Простились с гостеприимной семьей Андерсона. Семимесячный Свен уставился своими голубыми глазами на Е. И., крепко захватил ее палец и не хотел отпускать. Поговорили о хлебородности края, где кроме разных овощей в диком виде растут многие целебные растения: рицинус, лакрица, дигиталис и другие. Можно представить, как заработала бы эта равнина под фордовским трактором. Говорят о безлесии этих мест, но в двух днях пути (а переходы короткие) отличный каменный уголь. Везем с собой кусок этого продукта, не уступающего лучшим образцам. А кто сказал, что здесь же поблизости нет и нефти? Или в горах нет радия? При этом как легко засадить целые плоскости деревьями. При раскопках часто находили огромные пни и стволы давних лесов в этих местах; стоит лишь применить минимум трудолюбия и находчивости, и край сделается неузнаваем. Здесь летом очень много вод, стоит лишь собрать их в хранилище. Вот в феврале дни стоят совершенно весенние. Только в декабре и январе холодно. Студеный ночной воздух освежает природу. Если бы только китайцы не боялись всего нового и если бы их чиновники назначались по достоинству, а не по способности грабить. Иначе откуда же эти непонятно скорые обогащения амбаней и даотаев? Таким путем каждое проявление трудолюбия оказывается лишь поводом к быстрейшему обогащению чиновников, погрязших в опиуме и в игре. Стоим в Яберчате, в маленьком месте в четырех часах от Кашгара. Могли бы легко сделать путь до Кашгара в один день, но из-за грузовых лошадей приходится стоять за околицей среди головастых ив и глинобитных стенок.
12 февраля
Мгла, низкий кустарник, голые ветлы и ухабистая дорога с переходами через покрытые льдом потоки. Сперва минуем новый город Кашгар. Стены внушительнее яркендских. На базаре видно больше пыла и движения. Арестанты в цепях просят милостыню на прокормление. Между новым и старым городом около двух потаев расстояния. Навстречу скачут два ярко-красных «чепраси»

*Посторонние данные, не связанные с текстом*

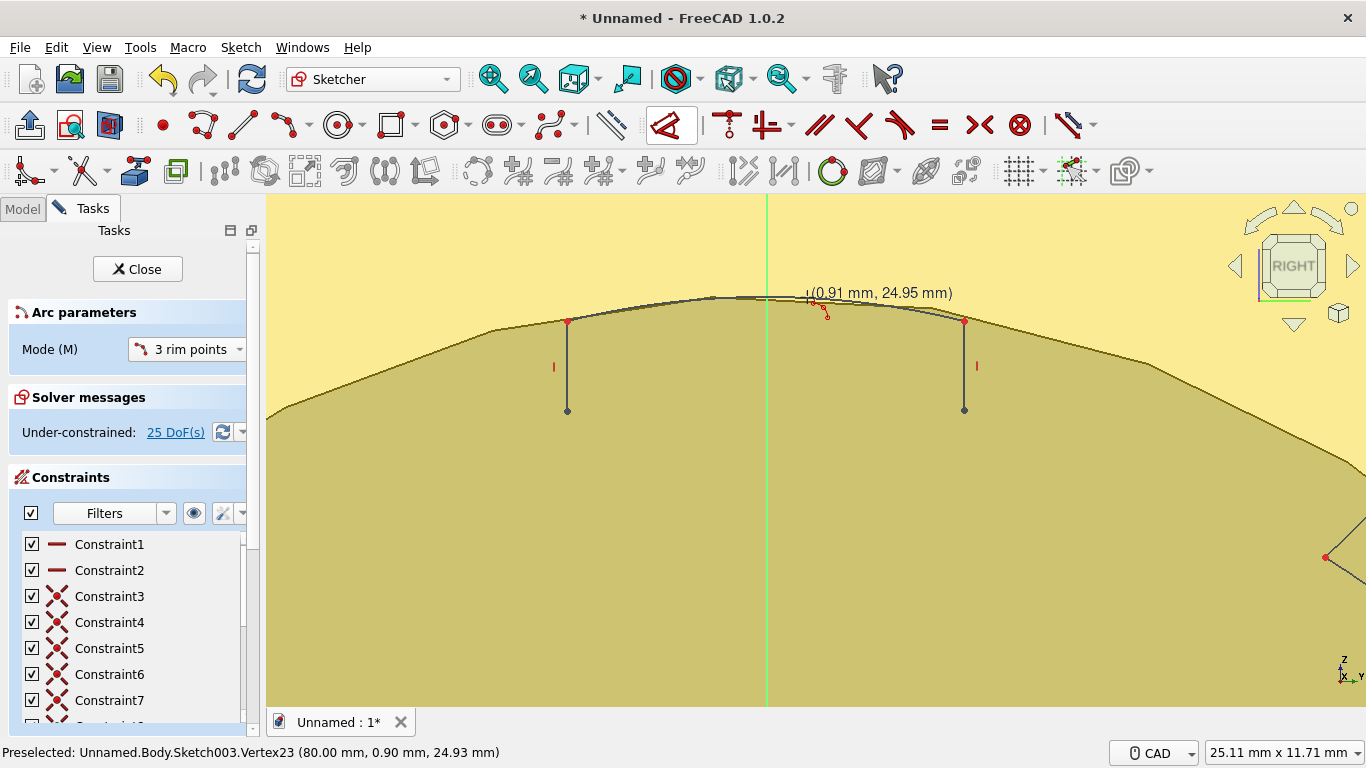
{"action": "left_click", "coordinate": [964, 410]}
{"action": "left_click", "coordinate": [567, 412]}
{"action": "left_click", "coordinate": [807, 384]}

[205]от английского консула. Консул ждет нас завтракать, пока приготовят дом Русско-Азиатского банка. Консул и его жена участливо расспрашивают о хотанских делах. В банке говорят «о характере» китайского управления. Оказывается, хотанский даотай известен по всей провинции, и никто не удивлен его поступкам. Приходит караван. Приемка вещей. Сложности нет.
13 февраля
Китайский Новый год; в четыре часа утра нас разбудило хлопанье петард и ракет. За стеною столб пламени и выстрелы. Думали, что это пожар.
Приходят консул Гиллан с женою. Оказывается, оба они шотландцы. Среди шотландцев мы давно встречали симпатичных людей, и эти принадлежат к хорошему типу шотландских кланов. Приходит ладакский аксакал. Мусульманин, долго живший в Лхасе и Шигацзе. Приходит старый переводчик русского консульства. Жалуется на развитие курения опиума и конопляного гашиша. Богатые позволяют себе роскошь употреблять дорогой опий, а бедные одурманивают себя домодельным гашишем. Возможность заработков здесь уже очень плоха. Прежде до тридцати тысяч народа ежегодно уходило на заработки в Россию.
И опять бесконечные рассказы о грабительском обогащении китайских властей.
Когда сидите в мирном китайском ресторане в Америке, вспоминайте о грабителях даотаях и амбанях, держащих народ в полном отупении. Увеселительные моторы в китайских кварталах пусть напомнят, как во мраке невежества гибнут миллионы людей.
Приходит директор отделения Русско-Азиатского банка Анохин. Новая волна информации. В каждой части провинции свои деньги, трудно принимаемые в соседнем уезде. В Кашгаре – сары; в Урумчи – ланы, стоимостью в одну треть сара; в Кульдже – свои ланы, которые население называет рублями. При этом половина или четверть лана достигается разрыванием знака на соответственные части. Вследствие этих операций денежные знаки обращаются в труху, лишенную всяких обозначений. Когда же является необходимость вернуть знаку его прежние размеры, то подклеивают куски случайной бумаги. Можно получить ланы, на которых половина состоит из объявления о продаже мыла или что-нибудь настолько же неожиданное.